Return the data word for word. Pictures are to be omitted.

[Stored entries]
———

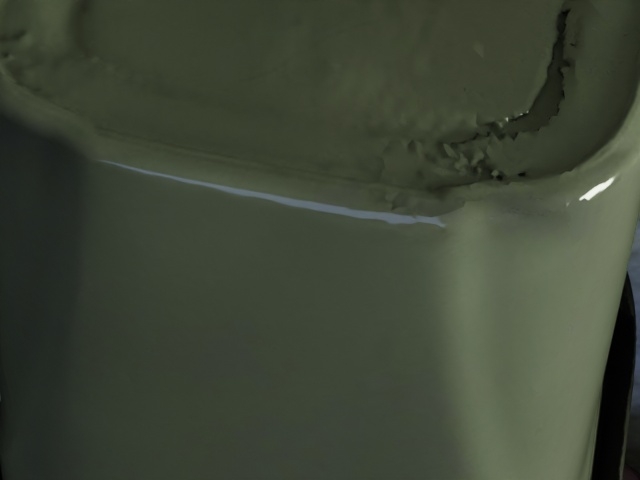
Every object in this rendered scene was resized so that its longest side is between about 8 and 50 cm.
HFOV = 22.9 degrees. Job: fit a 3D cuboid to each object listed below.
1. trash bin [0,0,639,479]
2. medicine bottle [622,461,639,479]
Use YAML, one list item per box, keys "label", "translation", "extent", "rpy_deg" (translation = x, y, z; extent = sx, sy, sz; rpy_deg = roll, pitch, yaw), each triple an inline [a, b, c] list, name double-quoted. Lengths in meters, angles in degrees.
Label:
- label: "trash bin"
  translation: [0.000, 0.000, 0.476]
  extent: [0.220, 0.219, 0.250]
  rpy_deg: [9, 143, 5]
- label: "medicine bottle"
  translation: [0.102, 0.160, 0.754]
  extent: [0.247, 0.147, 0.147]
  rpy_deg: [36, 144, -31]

———

■ **SOLVED EXERCISE**
Every object in this rendered scene was resized so that its longest side is between about 8 and 50 cm.
HFOV = 22.9 degrees. Job: fit a 3D cuboid to each object listed below.
1. trash bin [0,0,639,479]
2. medicine bottle [622,461,639,479]
Use YAML, one list item per box, keys "label", "translation", "extent", "rpy_deg" (translation = x, y, z; extent = sx, sy, sz; rpy_deg = roll, pitch, yaw), each triple an inline [a, b, c] list, name double-quoted. Lengths in meters, angles in degrees.
Label:
- label: "trash bin"
  translation: [0.000, 0.000, 0.476]
  extent: [0.220, 0.219, 0.250]
  rpy_deg: [9, 143, 5]
- label: "medicine bottle"
  translation: [0.102, 0.160, 0.754]
  extent: [0.247, 0.147, 0.147]
  rpy_deg: [36, 144, -31]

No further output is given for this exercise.